Here's a great ML interview question:

First ask about regularization. The candidate will likely talk about norm penalties on weights.

Then ask "why do we do lambda norm penalties, - lambda|w| , instead of directly constraining |w|<R if they're essentially equivalent under…
— Andrew Carr (e/🤸) (@andrew_n_carr) January 4, 2025

Whazzat

First, let me rephrase the question for clarity and brevity. The focus is on the $\lambda$ parameter in the optimization framework:

\[\min_{\theta} \mathcal{L}(\mathcal{D}; \theta) + \frac{\lambda}{2} \|\theta\|_2^2\]

Here, $\mathcal{L}(\mathcal{D}; \theta)$ denotes the primary loss function (e.g., cross-entropy or mean squared error),and $\mathcal{D}$ represents the dataset used to train the model. The second term represents the $L_2$-norm (but it can be any $L_p$ norm depending on your objective) regularization, where $\lambda$ is the regularization strength.

Quick notes: The $L_2$-norm regularization helps prevent weights from becoming too large, effectively controlling overfitting and ensuring weights stay closer to the origin.

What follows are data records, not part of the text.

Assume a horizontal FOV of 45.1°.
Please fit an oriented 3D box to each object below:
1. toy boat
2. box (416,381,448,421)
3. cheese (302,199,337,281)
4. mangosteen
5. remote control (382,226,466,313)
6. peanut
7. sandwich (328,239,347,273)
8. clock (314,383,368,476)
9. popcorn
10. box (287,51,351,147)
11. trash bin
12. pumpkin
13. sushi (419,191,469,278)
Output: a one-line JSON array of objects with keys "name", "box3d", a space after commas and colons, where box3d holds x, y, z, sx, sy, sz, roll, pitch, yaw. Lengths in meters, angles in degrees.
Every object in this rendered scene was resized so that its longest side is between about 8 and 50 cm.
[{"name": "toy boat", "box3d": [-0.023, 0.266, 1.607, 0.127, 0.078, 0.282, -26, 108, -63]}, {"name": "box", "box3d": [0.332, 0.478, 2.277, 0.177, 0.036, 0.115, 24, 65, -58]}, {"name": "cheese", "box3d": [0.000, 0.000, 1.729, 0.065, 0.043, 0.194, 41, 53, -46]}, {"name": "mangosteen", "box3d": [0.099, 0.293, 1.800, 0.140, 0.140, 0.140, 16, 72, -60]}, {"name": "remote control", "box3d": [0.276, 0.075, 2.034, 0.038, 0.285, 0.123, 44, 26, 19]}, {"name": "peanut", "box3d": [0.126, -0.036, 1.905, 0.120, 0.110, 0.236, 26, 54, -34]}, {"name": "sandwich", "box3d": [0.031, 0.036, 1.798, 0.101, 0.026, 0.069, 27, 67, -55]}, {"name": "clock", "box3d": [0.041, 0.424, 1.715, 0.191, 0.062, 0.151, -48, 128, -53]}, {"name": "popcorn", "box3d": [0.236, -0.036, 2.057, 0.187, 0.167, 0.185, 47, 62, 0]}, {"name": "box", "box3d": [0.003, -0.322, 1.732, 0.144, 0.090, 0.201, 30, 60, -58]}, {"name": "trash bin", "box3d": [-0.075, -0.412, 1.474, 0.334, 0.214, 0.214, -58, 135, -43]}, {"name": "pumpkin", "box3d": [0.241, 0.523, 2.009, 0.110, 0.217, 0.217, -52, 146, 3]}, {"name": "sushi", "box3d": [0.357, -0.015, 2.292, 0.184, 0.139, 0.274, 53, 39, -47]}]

On the other hand, the $L1$-norm encourages sparsity in the weights, driving many of them to zero.

Now the viewpoints as elucidated in the tweet are

Optimization theory
Bayesian theory
Empirical Risk learning theory (Statistical Learning Theory)

NOTE: Over the post, there will be some terms that I too am not super-familiar with but I hope to cover them as much as this post requisites

Optimization theory perspective

Directly constraining $\|\theta\|_2 \le C$, (where C is some constant) leads to constrained optimization view point, which requisites methods like projection method or Lagrange multiplier method. Whoa… what is the projection method? Well, the projection method treats the objective (the thing you’re optimizing) as if it were unconstrained and then finds the closest point in the valid space (the set of points that satisfy the constraints) to the solution. The Lagrange multiplier method, on the other hand, is a way to convert a constrained optimization problem into an unconstrained one.

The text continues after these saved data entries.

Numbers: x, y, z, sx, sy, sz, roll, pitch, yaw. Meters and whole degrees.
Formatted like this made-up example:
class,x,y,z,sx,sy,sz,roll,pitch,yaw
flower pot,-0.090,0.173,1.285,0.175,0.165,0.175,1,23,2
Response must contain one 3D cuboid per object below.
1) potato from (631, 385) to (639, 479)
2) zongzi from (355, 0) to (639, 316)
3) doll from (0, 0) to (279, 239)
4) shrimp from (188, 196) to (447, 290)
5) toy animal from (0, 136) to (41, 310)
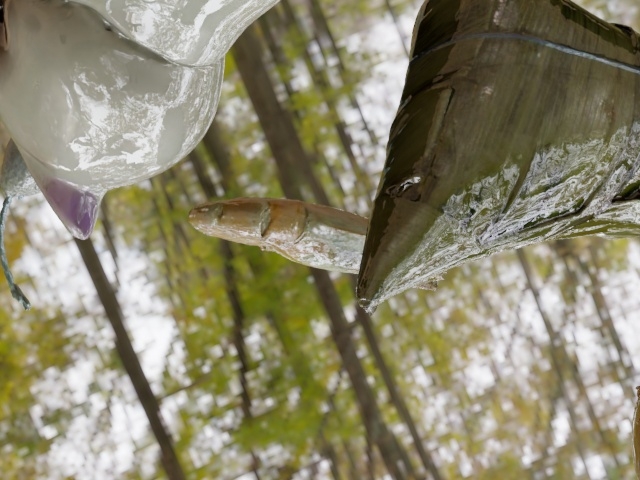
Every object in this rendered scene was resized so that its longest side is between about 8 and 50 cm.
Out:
class,x,y,z,sx,sy,sz,roll,pitch,yaw
potato,0.330,0.184,1.216,0.146,0.150,0.234,13,-138,-12
zongzi,0.155,-0.023,0.941,0.125,0.251,0.274,-48,-160,52
doll,-0.128,-0.209,1.127,0.370,0.226,0.215,-50,-163,22
shrimp,0.000,-0.002,1.196,0.217,0.051,0.115,12,180,-13
toy animal,-0.325,-0.053,1.663,0.070,0.253,0.079,12,-162,-30

In general the difference is as follows:

Feature	Projection Method	Lagrangian Method
Approach	Iterative projection onto the feasible set	Penalizes constraint violation using multipliers
Constraint Handling	Direct, via projection	Indirect, via Lagrange multipliers
Complexity	Simple for convex constraints	More complex, requires solving KKT conditions
Suitability	Best for simple, convex constraints	Best for complex or non-linear constraints
Convergence	May be slow if the projection is expensive	Convergence depends on proper multiplier updates

We are more interested in langrage multiplier method. In general if there is an objective $\min f(x)$ subject to constraints: $g(x) \leq 0$ and $h(x) = 0$. Then, Lagrangian is constructed as

\[\mathcal{L}(x,\mu, \lambda) = f(x) + \sum_{i} \lambda_i g_i(x) + \sum_{j} \mu_j h_j(x)\]

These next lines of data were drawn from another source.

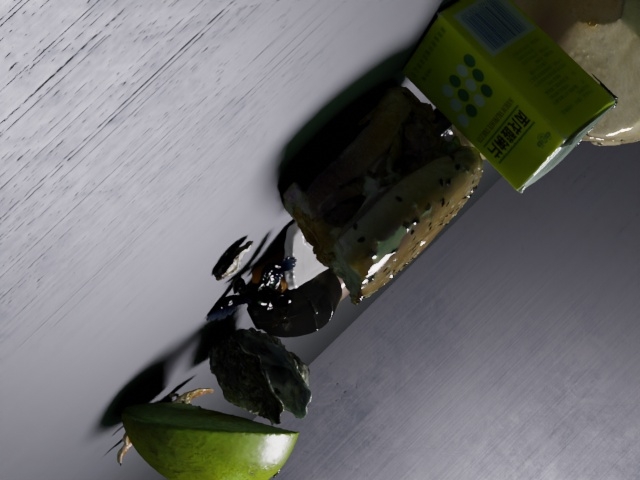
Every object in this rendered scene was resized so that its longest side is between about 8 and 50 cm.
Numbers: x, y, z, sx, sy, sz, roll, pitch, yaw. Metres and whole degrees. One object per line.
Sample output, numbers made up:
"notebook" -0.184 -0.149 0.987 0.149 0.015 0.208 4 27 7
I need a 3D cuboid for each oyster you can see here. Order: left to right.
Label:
"oyster" -0.129 0.031 1.652 0.083 0.019 0.054 -53 169 32
"oyster" -0.117 0.230 2.060 0.351 0.158 0.162 -159 -108 -70

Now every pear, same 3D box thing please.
"pear" -0.218 0.348 1.909 0.239 0.288 0.139 23 77 -49

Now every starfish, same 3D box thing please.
"starfish" -0.309 0.343 2.162 0.247 0.050 0.138 -22 157 -50

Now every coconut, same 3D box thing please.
"coconut" 0.429 -0.312 1.687 0.352 0.352 0.352 -43 171 -9

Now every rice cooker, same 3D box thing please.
"rice cooker" -0.044 0.101 1.952 0.165 0.112 0.106 -10 -154 32

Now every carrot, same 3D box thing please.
"carrot" -0.029 0.017 1.917 0.210 0.061 0.061 -42 171 -40

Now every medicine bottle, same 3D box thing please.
"medicine bottle" 0.254 -0.210 1.548 0.141 0.250 0.137 -34 167 -38

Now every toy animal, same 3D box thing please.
"toy animal" -0.095 0.088 1.814 0.220 0.108 0.062 -40 -158 37

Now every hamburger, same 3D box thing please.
"hamburger" 0.088 -0.068 1.626 0.277 0.195 0.318 -43 173 -2

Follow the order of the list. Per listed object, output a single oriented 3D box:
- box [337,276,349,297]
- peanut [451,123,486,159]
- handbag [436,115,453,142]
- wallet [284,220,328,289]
"box" 0.053 0.049 2.293 0.200 0.088 0.146 -45 170 -7
"peanut" 0.335 -0.251 1.961 0.298 0.136 0.120 -38 163 -21
"handbag" 0.313 -0.260 2.112 0.332 0.075 0.191 -41 169 -15
"wallet" 0.000 0.000 1.877 0.183 0.032 0.124 -32 132 -53

where $\lambda_i \geq 0 \forall i$ are multipliers for inequality constraints and $\mu_j$ are equality constraint multipliers. The reason for non-negativity of $\lambda_i$ is given in this answer. Once the lagrangian is formulated, the KKT conditions are solved:

$\nabla_x \mathcal{L}(x, \lambda, \mu) = 0$ : Gradient of the Lagrangian with respect to xx should be zero.
$g_i(x) \leq 0, h_j(x) = 0$ : Constraints must be satisfied.
$\lambda_i \geq 0$ : The Lagrange multipliers for inequality constraints must be non-negative.
$\lambda_i g_i(x) = 0$: The complementary slackness condition, which ensures that if a constraint is violated, the corresponding multiplier is zero.

Now to the actual answer

Non-convex Objective: While the $L_2$ norm constraint itself is convex, the objective in neural networks (such as the loss function) is non-convex. This means that even though the constraint is convex, the entire problem is non-convex, making methods like projection less effective.
Computational Complexity: The projection method involves recalculating projections onto the constraint set (the $L_2$ ball) after every gradient update, which can be computationally expensive, especially for large networks with many parameters.
Gradient Descent: In neural networks, we typically use gradient-based optimization methods like SGD or Adam. These methods work well with a loss function that is smooth and differentiable. Adding a projection step after every update interferes with the smooth nature of gradient descent and introduces extra computational overhead.

Bayesian theory perspective

From a Bayesian perspective, regularization can be understood as incorporating prior knowledge about the model parameters into the learning process. This connection arises naturally through the maximum a posteriori (MAP) estimation framework.

Stating the obvious: The Bayes theorem states that $P(\theta \vert \mathcal{D}) = \frac{P(\mathcal{D} \vert \theta )P(\theta)}{P(\mathcal{D})}$, where

$P(\theta \vert \mathcal{D})$ is the posterior distribution of the parameters given the data.
$P(\mathcal{D} \vert \theta)$ is the likelihood of the data given the parameters.
$P(\theta)$ is the prior distribution over the parameters
$P(\mathcal{D})$ is called the evidence or the normalizing constant

** Danny sighed as he remembered his past Kafkaesque ordeal endured from the Bayesian bureaucrats for not stating the obvious.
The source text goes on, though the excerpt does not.